While classical dance has always been a part of the Hindu ethos, it is Bollywood that has taken its own spiced up version of classical, folk and modern dance moves and transformed it into a national passion. Dance has always been an integral part of Indian cinema and song scenes have long riveted audiences while the love triangle played out at a party, usually at the piano. The really hot cabaret numbers belonged to Helen, and even in movies, the party audience watched.

Then slowly, the Bollywood dances became more participatory. You’d see entire families joining in the dance scenes that often imitated real life on the streets, on campus and even in the kitchen.

In the 1980s, after Hum Apke Hain Kaun, came a whole glut of movies with wedding song dance scenes, with everyone from grandma to the kids kicking up their heels. One of the most popular scenes in Kabhi Khushi Kabhie Gham shows the entire family – glamorous and gorgeous – dancing together for a karva chaut festival.

Overseas Indians have jumped into this band-baja-togetherness with a vengeance. The elaborate wedding of NRI Indian billionaire Lakshmi Mittal’s daughter Vanisha showcased family members lip synching and dancing the love story of the couple with panache, just like in the movies. Today, at virtually every Indian wedding, movies come to life as old, young, and middle-aged all descend, or are coaxed, on the dance floor, lip-synching and moving to the latest Bollywood hits.

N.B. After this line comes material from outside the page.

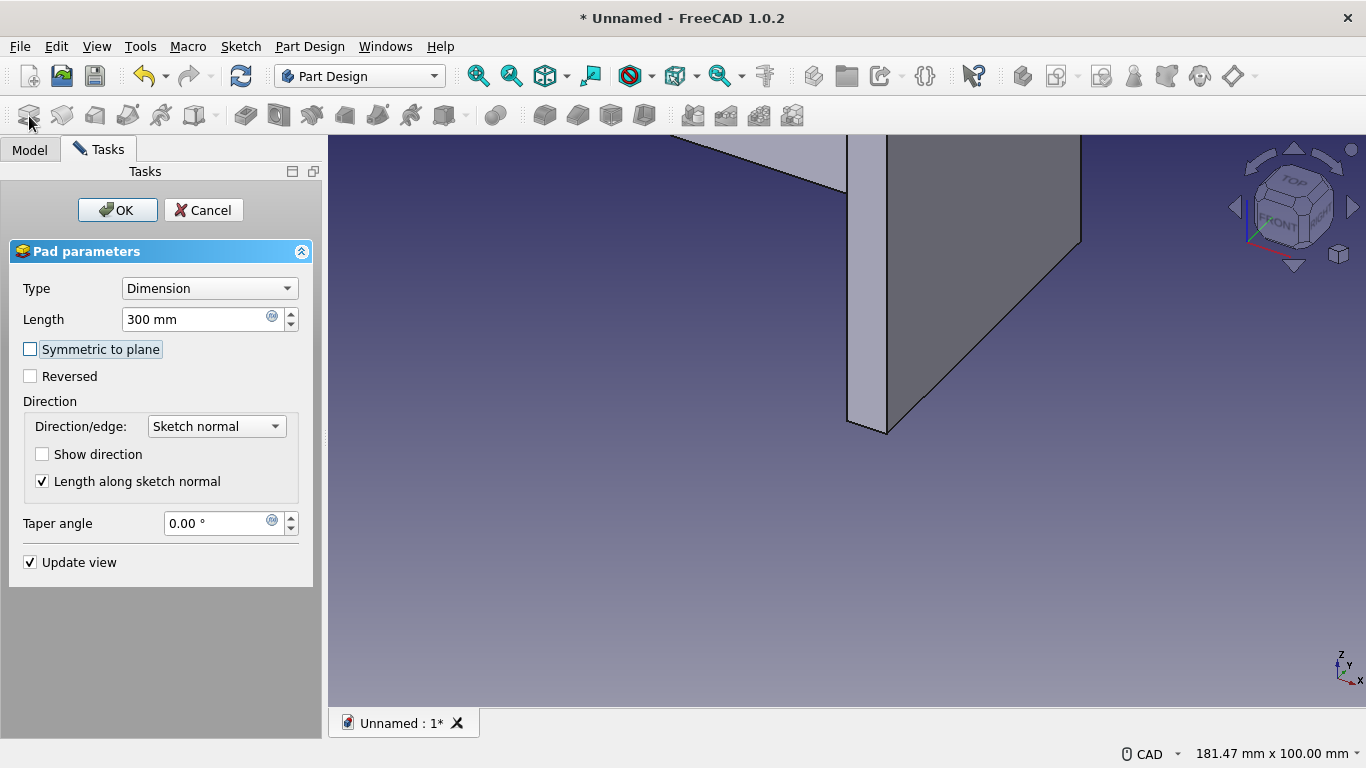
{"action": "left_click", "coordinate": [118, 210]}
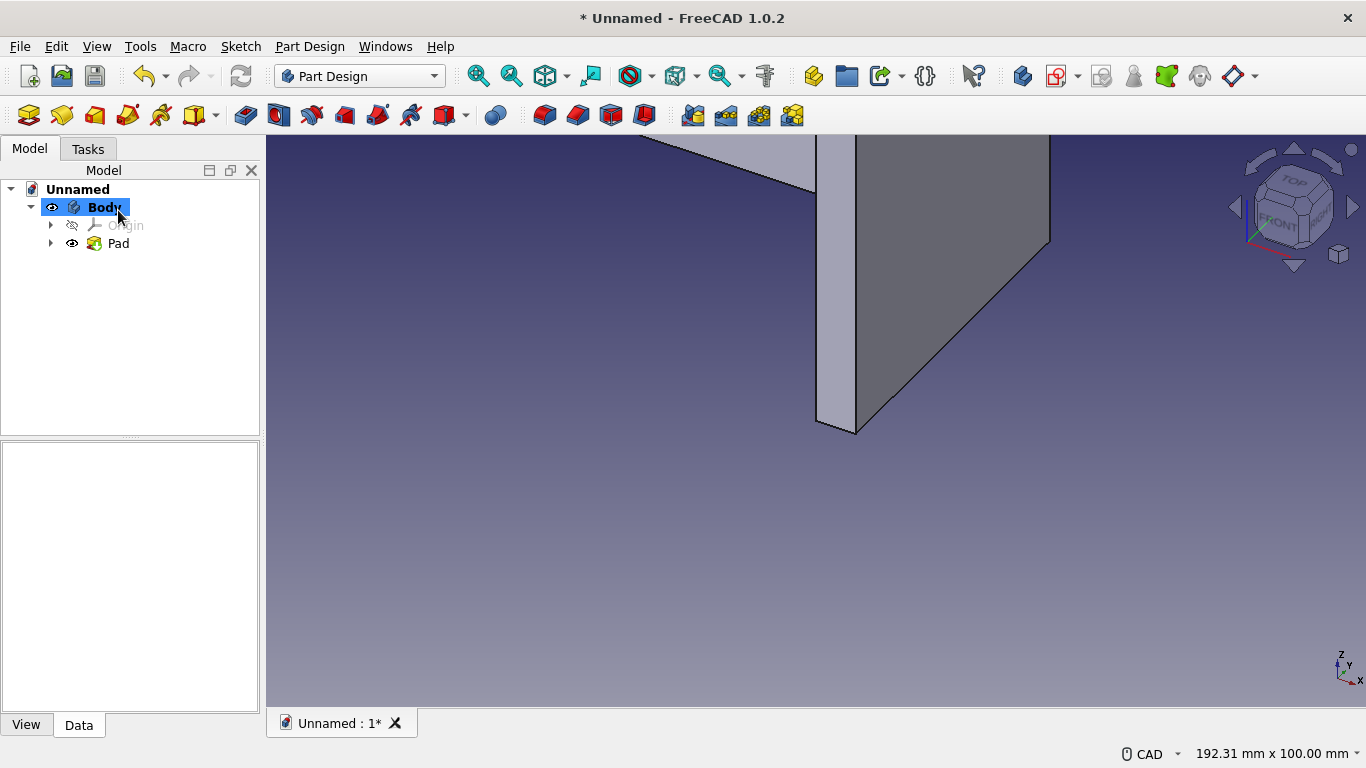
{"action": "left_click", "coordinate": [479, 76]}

Until a few decades ago, popular dance in India was confined to clubs and ballrooms with a distinctly Western flair – Western pop music, the twist, or the waltz… But increasingly in India, people are celebrating their own music and dance. In the last two decades, Indian ethnic fashion has taken center stage. Stylish kurtas and sherwanis are being reflected on the screen with swashbuckling Shahrukh Khan and Salman Khan, clad in kurtas or achkans and shawls, breaking into dance at the slightest pretext. Indian dance had never seemed so hip, legitimate or manly.

Now go to any Indian party or wedding and you would be hard pressed to find Western dance -the moves are truly desi, in a pan-Indian way. Once again Bollywood has done some good, popularizing everything from classical dance to bhangra and garba. In India itself regional, folk and tribal dances had been confined to their own communities, but Bollywood has familiarized audiences with them.
Indian parents, even second generation ones, are anxious to pass on their cultural heritage to their children and schools of classical music and dance are sprouting up all over the United States. There are scores of such schools in virtually every major metro from Boston, Atlanta and Miami to Houston, Los Angeles and Seattle.

Arangetrams (initiations into classical dance) are taking place across the nation, a big bustling industry with everything from music, costumes, lessons, and of course the big gala performance and dinner to mark the event. For activity addicted Indian children this is another “thing” to put on their resumes while at the same time making parents and grandparents blissful.
The Indian community was always drawn to Bollywood music and dance, but not until recently did it feel free to join in. “With the way the Desi society viewed dancing during my parent’s generation, I think it would have been a challenge,” says Pooja Narang of Bollywood Axion, a dance studio in Manhattan. “It is something that has only become a phenomenon in the last 10 years or so. Now even the parents are starting to come out to classes either for exercise or just to fulfill a passion they didn’t feel they could ever articulate.”